Leading security expert to discuss challenges of open technologies
One of the world’s leading experts on security and how conflicts end will visit Salve Regina next week to discuss how new “open” technologies are transforming access to means of violence.
Audrey Kurth Cronin will present “Power to the People: How Open Technological Innovation is Arming Tomorrow’s Terrorists” at 7 p.m. Monday, Oct. 7 in the Bazarsky Lecture Hall as part of the Pell Center for International Relations and Public Policy’s fall lecture series. To RSVP, visit the Pell Center’s Eventbrite page.
Accessible innovations in destructive force have long driven new patterns of political violence. When Alfred Nobel invented dynamite and Mikhail Kalashnikov designed the AK-47, each inadvertently spurred terrorist and insurgent movements that killed millions and upended the international system.
In her new book, Cronin argues that the 21st century “sharing economy” has already disrupted every institution, including the armed forces. Higher-order functions that previously had been exclusively under state military control – mass mobilization, force projection and systems integration – are being harnessed by non-state actors, including violent individuals, terrorists, insurgents and private armies. Power, in the form of lethal technology, is flowing to the people; but the same technologies that empower can imperil global security – unless we act strategically.

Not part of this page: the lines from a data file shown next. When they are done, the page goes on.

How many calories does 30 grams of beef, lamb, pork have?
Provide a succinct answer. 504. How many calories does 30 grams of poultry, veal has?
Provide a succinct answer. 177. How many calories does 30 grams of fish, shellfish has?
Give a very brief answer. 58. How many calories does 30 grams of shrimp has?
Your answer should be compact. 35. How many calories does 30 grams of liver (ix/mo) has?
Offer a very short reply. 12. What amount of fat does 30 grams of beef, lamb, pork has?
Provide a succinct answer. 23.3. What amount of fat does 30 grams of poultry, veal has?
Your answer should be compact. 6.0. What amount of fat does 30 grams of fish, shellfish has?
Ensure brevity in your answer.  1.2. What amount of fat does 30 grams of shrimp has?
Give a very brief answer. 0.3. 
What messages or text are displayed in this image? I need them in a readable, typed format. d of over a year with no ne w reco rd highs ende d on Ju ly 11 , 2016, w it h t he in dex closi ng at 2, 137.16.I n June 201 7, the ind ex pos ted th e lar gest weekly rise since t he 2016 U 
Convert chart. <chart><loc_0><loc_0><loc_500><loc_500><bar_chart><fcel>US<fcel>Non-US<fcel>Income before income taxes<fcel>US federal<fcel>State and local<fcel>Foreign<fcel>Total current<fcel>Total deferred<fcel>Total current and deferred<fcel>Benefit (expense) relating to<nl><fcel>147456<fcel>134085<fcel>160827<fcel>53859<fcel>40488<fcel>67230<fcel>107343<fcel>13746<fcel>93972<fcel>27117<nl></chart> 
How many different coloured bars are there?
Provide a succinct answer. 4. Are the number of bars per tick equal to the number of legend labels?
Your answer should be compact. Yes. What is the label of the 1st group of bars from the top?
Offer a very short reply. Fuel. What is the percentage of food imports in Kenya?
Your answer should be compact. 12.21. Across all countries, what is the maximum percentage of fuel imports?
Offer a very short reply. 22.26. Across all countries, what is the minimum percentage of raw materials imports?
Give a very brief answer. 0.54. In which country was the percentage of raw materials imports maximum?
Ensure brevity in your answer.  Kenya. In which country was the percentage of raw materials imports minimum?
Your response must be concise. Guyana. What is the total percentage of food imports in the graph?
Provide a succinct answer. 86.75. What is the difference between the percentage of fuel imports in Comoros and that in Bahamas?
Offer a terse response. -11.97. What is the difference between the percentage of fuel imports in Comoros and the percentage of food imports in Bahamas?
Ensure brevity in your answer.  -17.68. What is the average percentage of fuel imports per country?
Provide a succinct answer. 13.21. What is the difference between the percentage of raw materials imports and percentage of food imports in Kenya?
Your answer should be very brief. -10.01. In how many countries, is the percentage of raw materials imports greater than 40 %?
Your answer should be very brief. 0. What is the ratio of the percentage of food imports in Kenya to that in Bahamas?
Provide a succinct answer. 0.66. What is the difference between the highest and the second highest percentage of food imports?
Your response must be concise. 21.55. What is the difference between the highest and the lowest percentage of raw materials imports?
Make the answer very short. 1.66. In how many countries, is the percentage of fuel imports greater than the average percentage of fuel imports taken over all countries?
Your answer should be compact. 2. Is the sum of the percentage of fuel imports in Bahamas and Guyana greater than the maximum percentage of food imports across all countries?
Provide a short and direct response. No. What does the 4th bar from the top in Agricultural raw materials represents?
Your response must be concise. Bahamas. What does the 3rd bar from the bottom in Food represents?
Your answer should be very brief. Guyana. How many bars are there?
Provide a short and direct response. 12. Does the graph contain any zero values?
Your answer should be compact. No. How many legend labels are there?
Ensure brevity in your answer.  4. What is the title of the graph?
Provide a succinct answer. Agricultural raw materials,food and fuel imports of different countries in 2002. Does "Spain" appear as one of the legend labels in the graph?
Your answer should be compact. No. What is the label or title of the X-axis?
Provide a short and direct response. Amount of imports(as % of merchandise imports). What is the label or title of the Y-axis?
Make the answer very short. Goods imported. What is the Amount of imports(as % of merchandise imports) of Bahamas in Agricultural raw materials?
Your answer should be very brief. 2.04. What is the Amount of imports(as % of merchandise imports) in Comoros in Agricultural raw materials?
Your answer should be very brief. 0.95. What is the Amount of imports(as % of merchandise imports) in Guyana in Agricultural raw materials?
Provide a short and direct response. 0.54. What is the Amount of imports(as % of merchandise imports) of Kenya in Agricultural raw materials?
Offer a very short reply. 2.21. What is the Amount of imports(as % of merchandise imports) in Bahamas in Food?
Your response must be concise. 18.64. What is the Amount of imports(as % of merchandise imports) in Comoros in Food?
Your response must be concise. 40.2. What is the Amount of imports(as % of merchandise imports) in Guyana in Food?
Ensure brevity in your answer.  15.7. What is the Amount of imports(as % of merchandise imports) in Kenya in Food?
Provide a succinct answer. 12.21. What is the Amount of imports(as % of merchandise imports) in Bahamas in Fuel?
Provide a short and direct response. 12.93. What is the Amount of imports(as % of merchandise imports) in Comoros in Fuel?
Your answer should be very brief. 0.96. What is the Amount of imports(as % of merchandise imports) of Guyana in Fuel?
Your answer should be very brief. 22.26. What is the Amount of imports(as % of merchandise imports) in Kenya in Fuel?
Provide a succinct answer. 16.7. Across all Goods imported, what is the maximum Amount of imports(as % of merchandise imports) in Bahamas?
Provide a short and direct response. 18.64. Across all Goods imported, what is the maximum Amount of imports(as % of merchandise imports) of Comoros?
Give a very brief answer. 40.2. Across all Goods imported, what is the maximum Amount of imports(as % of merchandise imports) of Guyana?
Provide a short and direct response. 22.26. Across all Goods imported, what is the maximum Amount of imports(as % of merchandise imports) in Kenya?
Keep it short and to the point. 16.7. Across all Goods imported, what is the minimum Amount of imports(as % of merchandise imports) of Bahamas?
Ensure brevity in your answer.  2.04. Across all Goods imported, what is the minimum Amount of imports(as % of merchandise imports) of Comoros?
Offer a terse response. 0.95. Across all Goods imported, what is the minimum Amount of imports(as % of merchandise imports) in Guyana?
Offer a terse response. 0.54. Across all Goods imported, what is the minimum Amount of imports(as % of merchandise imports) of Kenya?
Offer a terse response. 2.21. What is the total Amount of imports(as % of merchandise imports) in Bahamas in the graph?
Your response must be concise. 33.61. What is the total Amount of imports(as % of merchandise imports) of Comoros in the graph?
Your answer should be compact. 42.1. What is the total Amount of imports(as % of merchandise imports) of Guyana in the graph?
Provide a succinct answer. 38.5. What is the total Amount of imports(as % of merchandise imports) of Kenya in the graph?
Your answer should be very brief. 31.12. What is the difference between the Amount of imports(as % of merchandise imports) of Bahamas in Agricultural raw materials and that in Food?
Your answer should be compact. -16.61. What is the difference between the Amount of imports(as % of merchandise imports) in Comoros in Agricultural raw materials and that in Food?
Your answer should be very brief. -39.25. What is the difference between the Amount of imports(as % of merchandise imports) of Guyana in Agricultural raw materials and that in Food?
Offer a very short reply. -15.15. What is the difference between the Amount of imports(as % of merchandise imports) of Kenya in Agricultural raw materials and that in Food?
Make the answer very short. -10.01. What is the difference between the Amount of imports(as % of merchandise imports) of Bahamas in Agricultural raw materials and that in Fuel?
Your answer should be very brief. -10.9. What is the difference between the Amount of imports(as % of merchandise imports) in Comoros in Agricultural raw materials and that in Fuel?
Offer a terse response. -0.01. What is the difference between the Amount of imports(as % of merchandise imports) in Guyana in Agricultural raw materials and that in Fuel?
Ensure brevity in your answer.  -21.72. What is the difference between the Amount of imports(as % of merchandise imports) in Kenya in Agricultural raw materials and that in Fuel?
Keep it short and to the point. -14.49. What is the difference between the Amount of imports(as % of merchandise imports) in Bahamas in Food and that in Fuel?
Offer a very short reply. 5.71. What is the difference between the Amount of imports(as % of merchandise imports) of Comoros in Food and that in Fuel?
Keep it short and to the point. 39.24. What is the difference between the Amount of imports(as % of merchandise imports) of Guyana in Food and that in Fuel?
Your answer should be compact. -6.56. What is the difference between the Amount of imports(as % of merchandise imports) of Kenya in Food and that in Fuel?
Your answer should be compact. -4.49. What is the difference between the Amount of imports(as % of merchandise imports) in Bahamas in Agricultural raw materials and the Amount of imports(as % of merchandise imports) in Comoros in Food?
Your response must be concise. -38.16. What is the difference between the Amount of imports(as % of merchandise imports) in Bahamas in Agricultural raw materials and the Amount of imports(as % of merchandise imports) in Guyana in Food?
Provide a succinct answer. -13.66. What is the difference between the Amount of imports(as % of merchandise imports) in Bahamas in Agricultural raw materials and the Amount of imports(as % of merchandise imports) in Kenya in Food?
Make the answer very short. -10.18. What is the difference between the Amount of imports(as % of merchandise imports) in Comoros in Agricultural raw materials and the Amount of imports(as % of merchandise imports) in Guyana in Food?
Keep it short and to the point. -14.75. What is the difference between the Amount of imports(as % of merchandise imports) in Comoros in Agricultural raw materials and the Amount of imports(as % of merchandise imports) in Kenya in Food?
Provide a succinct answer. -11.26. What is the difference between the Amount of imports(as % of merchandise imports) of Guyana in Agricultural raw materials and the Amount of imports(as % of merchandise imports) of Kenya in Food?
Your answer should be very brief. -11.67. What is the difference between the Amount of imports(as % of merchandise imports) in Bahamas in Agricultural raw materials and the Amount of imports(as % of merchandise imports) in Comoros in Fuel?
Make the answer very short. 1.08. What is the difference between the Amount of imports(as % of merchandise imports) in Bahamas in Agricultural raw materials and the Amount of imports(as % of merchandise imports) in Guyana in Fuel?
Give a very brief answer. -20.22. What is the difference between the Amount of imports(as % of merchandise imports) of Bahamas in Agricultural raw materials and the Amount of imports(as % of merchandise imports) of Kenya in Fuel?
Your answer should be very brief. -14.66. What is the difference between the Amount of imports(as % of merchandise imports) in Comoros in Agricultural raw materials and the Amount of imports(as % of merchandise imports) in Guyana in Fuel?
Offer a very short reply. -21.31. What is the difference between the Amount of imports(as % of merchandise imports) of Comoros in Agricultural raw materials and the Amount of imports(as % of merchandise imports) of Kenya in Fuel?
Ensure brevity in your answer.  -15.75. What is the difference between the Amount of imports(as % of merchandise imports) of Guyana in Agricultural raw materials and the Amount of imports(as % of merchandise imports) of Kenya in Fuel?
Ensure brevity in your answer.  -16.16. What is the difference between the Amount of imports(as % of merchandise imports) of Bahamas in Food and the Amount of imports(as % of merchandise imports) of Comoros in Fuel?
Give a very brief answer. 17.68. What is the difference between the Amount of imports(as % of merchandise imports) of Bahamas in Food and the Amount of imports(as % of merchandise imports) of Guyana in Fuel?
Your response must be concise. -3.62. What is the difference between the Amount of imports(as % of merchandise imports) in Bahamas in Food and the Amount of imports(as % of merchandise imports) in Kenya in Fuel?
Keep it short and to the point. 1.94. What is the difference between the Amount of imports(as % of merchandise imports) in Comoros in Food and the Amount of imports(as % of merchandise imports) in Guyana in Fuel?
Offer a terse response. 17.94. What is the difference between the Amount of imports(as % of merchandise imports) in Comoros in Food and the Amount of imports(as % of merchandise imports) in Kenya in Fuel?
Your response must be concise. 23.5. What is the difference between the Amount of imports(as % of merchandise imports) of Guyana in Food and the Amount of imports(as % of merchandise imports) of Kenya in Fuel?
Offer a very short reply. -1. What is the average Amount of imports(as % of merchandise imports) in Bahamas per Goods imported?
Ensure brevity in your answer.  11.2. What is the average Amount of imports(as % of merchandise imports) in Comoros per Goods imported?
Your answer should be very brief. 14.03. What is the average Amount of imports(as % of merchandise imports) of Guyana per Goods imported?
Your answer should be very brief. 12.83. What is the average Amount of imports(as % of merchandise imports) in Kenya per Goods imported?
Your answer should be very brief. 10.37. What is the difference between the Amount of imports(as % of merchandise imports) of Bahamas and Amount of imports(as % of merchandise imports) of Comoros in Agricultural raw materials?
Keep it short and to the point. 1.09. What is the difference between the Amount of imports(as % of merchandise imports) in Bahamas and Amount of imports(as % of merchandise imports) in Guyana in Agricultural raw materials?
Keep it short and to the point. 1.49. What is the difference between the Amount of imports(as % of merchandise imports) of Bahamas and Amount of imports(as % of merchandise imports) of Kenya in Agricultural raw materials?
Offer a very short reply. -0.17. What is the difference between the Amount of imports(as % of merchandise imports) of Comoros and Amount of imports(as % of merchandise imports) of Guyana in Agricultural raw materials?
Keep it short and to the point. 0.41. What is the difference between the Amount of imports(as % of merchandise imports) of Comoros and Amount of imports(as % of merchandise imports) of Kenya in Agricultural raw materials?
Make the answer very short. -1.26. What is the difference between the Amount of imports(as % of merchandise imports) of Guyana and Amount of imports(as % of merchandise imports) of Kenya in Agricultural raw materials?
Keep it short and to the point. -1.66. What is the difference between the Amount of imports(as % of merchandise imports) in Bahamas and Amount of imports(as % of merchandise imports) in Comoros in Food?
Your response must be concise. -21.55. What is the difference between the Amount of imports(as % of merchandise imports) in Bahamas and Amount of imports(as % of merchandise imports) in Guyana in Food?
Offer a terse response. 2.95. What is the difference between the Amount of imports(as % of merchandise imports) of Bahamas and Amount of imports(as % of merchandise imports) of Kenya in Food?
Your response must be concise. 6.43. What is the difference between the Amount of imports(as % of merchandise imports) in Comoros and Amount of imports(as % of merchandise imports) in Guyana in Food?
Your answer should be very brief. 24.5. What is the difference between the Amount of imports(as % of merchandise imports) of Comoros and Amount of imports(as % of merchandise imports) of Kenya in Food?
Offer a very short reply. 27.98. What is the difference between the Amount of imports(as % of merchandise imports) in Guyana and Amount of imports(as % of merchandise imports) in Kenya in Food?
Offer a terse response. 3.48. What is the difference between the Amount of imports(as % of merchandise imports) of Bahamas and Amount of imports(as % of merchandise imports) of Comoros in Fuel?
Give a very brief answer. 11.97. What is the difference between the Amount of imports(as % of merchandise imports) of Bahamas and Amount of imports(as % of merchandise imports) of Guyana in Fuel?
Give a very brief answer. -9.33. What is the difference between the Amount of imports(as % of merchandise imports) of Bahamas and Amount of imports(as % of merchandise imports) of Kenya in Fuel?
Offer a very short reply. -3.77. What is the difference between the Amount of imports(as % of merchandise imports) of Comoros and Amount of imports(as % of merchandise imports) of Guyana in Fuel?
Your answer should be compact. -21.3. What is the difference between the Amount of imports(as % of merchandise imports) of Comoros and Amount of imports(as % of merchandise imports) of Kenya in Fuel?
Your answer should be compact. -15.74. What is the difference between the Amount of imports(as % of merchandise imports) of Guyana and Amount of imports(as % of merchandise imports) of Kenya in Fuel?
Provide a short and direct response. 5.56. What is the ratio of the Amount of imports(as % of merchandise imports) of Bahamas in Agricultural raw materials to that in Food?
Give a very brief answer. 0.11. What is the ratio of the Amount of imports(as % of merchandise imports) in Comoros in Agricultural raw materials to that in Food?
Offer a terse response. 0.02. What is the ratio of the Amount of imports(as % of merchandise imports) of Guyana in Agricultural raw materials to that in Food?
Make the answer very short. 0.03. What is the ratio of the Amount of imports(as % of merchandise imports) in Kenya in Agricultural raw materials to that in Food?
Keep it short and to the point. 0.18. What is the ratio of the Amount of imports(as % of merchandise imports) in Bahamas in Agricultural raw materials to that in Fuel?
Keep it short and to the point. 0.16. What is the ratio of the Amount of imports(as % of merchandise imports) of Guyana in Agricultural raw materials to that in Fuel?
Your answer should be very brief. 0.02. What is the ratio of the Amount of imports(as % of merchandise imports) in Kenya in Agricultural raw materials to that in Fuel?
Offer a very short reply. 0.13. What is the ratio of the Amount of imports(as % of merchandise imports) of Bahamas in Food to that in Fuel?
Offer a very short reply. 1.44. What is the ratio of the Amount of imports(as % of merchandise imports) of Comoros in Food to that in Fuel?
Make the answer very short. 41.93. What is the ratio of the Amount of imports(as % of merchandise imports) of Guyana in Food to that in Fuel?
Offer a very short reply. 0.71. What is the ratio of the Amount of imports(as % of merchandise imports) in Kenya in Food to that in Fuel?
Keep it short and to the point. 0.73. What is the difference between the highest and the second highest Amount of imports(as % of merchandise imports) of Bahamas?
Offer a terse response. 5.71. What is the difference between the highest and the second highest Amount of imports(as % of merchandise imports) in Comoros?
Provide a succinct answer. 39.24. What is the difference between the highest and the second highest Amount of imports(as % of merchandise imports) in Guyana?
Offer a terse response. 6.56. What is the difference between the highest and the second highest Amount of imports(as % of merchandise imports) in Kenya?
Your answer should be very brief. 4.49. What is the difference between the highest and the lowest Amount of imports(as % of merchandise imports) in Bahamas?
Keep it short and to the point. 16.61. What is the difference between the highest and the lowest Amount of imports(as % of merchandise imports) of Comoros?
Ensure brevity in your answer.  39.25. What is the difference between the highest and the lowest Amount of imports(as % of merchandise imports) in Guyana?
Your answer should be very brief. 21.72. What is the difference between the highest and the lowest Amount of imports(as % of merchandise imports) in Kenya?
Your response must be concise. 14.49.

Cronin’s career incorporates experience in both academic and policy positions, in the U.S. and abroad. She is the founding director of the Center for Security, Innovation and New Technology at American University and was previously the director of war and statecraft at the U.S. National War College.
Cronin has worked as a specialist in terrorism at the Congressional Research Service, advising members of Congress in the aftermath of 9/11. She also held a number of positions in the U.S. executive branch, including in the Office of the Secretary of Defense for Policy, and was director of studies for Oxford University’s Changing Character of War program.